(EXERCISE DIRECTIONS)
Check every line of the entries for the string "find" and return the ones that contain it.

(SOURCE RECORDS)
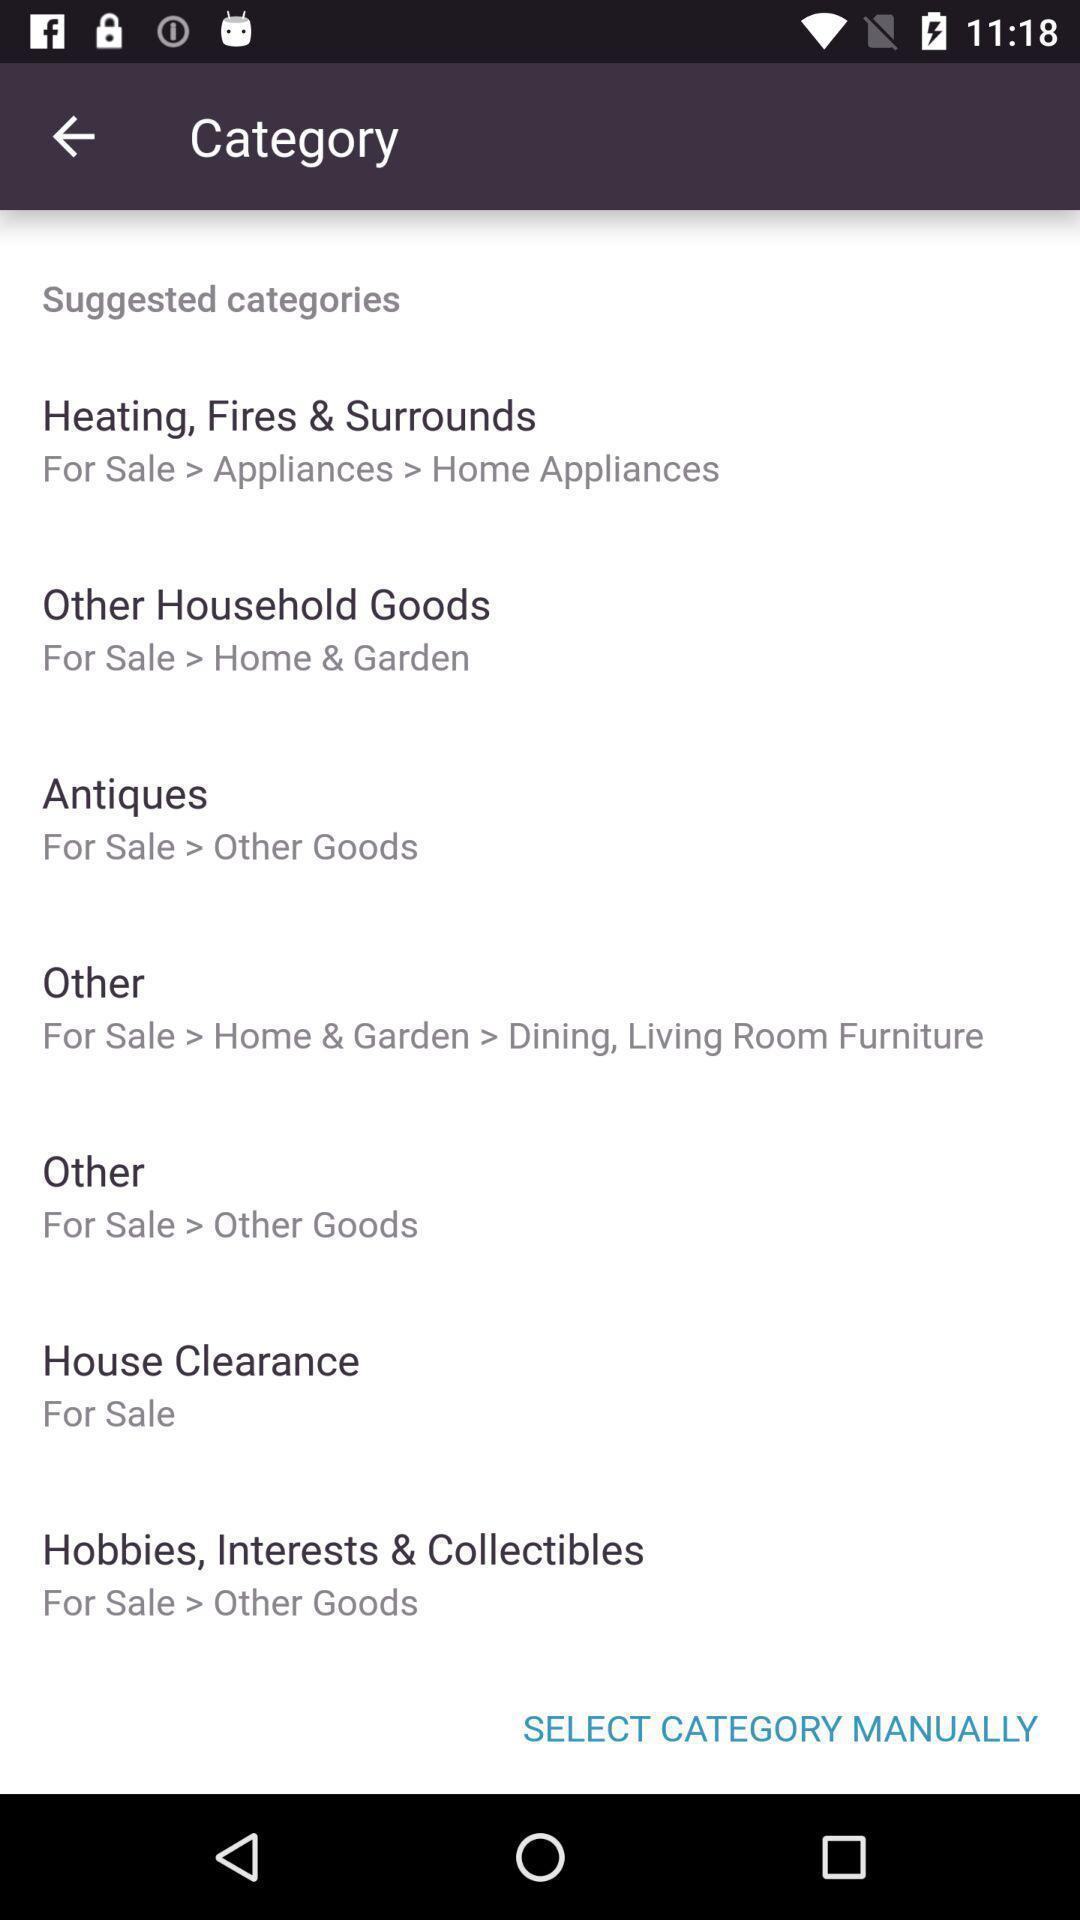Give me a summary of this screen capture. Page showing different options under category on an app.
==
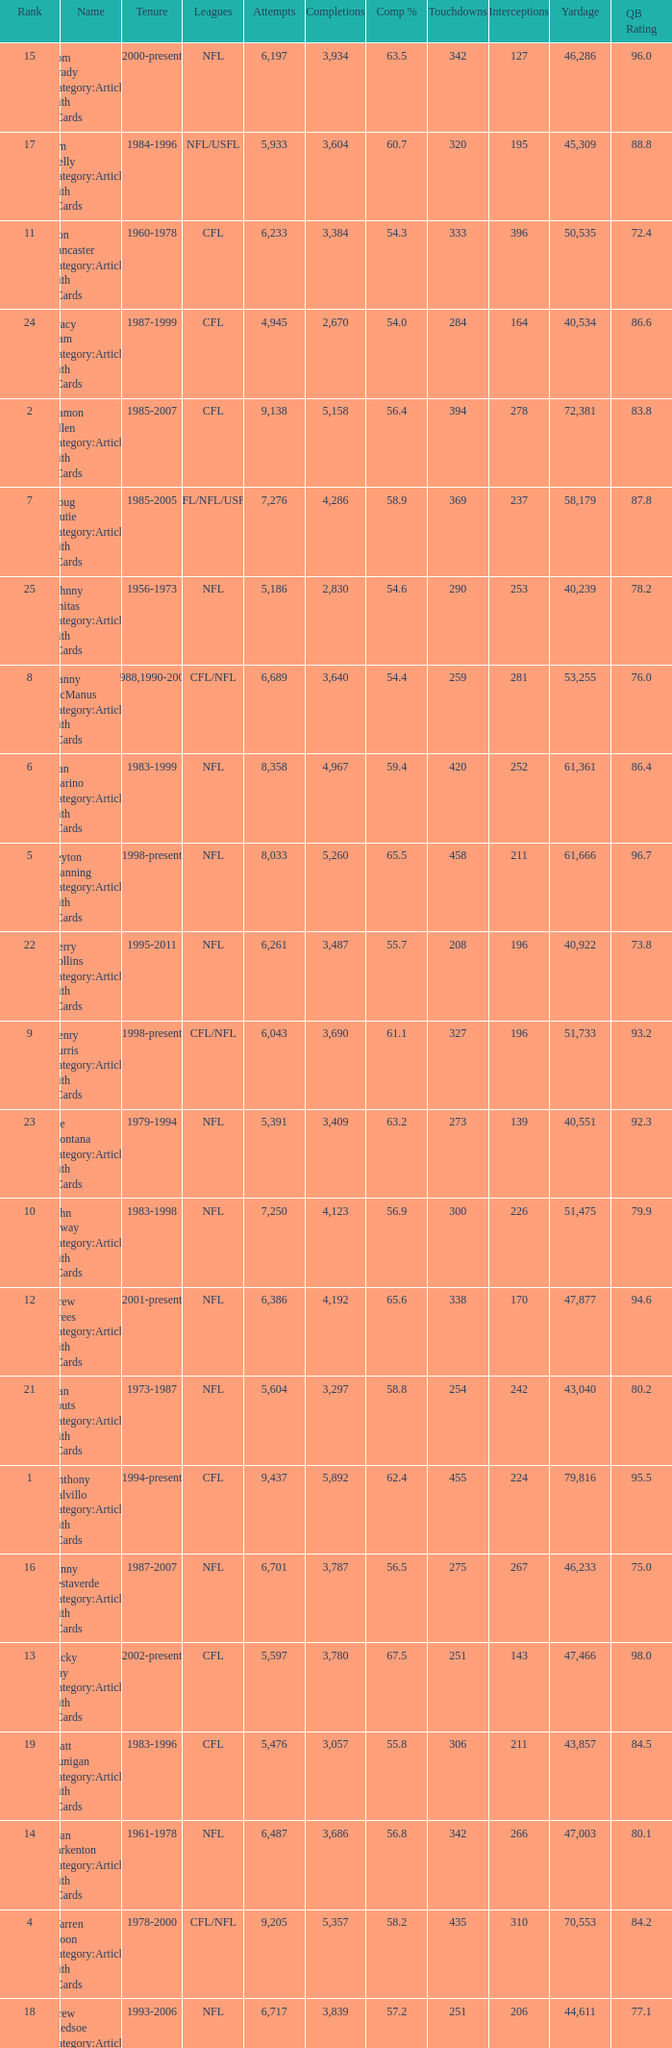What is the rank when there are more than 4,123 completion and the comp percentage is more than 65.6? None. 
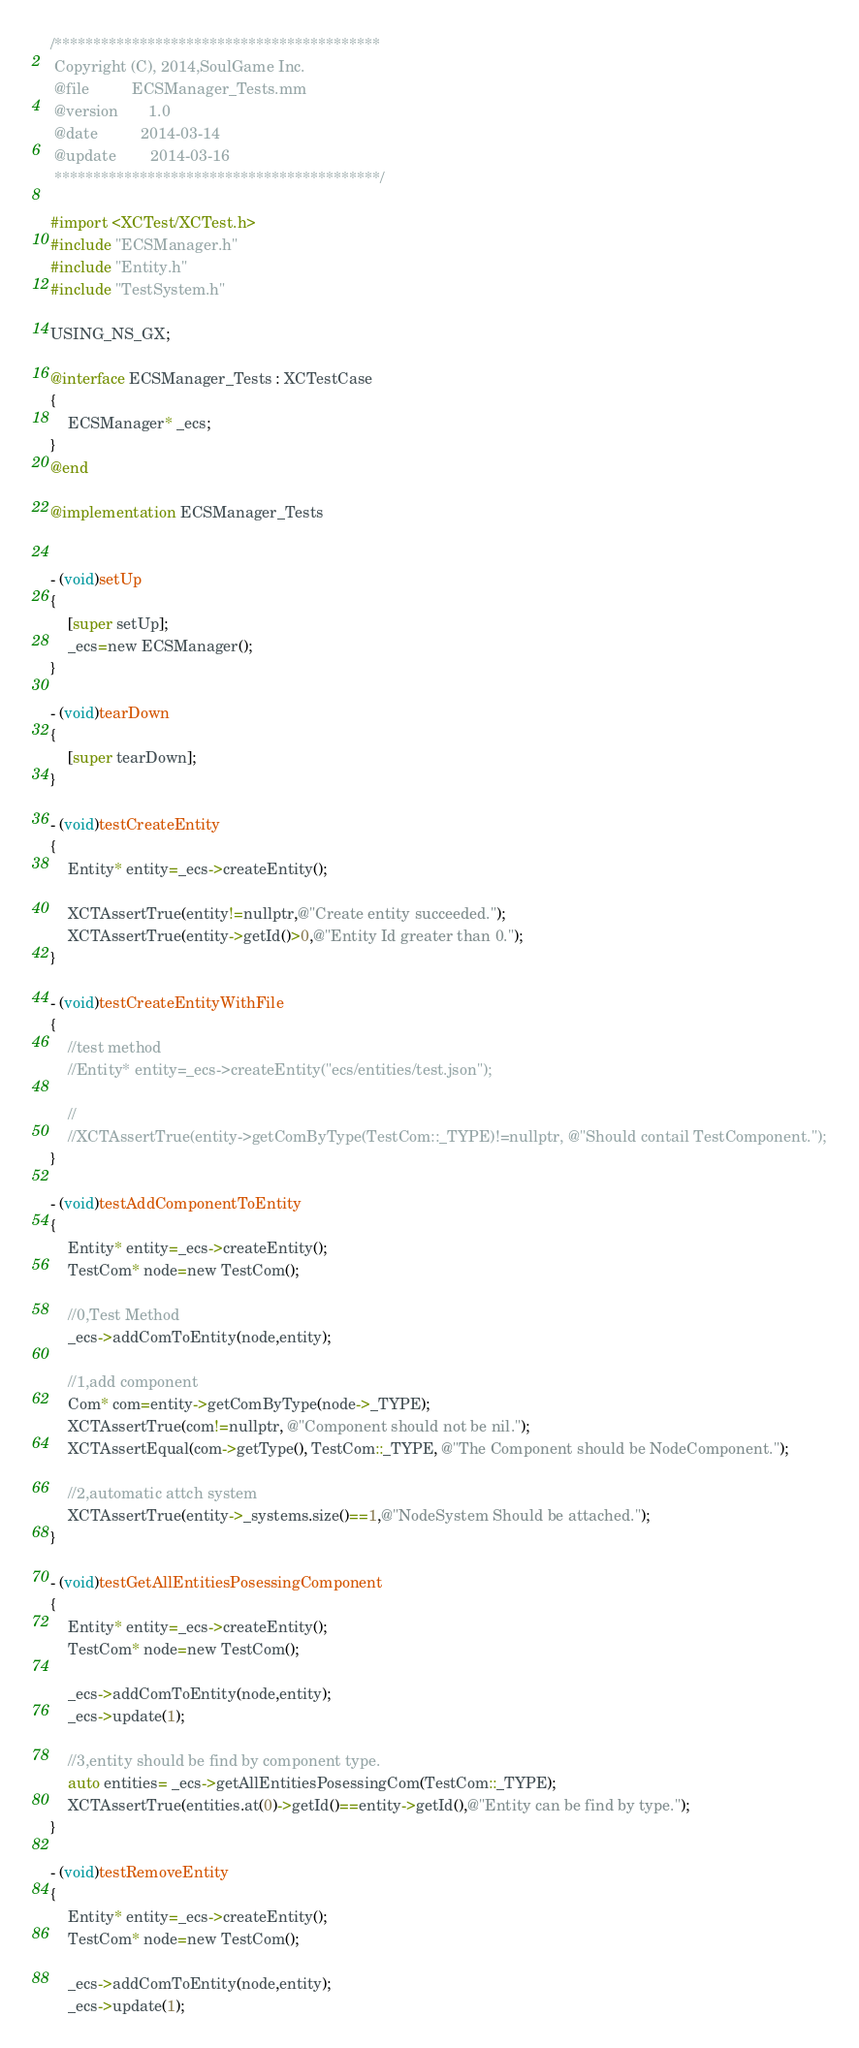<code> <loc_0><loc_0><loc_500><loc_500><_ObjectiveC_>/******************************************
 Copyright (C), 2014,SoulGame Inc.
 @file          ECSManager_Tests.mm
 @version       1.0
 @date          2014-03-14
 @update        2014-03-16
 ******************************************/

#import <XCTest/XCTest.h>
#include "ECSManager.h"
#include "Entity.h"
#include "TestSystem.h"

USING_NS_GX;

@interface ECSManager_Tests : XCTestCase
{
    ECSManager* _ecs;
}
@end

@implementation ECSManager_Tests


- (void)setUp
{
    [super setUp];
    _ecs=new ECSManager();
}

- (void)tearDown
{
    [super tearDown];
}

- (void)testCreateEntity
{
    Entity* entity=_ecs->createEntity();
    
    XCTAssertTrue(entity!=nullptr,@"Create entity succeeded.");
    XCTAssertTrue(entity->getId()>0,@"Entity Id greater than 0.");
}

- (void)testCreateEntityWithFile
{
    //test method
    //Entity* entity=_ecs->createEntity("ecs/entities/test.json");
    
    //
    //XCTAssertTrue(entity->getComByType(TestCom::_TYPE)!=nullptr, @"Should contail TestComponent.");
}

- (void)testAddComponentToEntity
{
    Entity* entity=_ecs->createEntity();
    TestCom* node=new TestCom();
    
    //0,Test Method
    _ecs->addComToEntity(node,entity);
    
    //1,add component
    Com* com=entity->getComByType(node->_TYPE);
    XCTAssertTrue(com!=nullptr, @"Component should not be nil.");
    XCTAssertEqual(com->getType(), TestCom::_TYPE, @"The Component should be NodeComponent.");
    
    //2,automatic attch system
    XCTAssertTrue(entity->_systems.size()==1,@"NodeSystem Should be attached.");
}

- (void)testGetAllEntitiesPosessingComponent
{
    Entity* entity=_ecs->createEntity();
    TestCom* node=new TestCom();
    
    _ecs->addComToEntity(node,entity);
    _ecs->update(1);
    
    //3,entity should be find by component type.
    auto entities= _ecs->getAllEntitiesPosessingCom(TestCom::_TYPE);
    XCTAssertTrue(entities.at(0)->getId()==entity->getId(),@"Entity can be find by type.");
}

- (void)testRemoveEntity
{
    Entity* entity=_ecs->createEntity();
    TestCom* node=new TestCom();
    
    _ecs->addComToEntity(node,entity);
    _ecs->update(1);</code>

(WRITTEN ANSWER)
    //3,entity should be find by component type.
    XCTAssertTrue(entities.at(0)->getId()==entity->getId(),@"Entity can be find by type.");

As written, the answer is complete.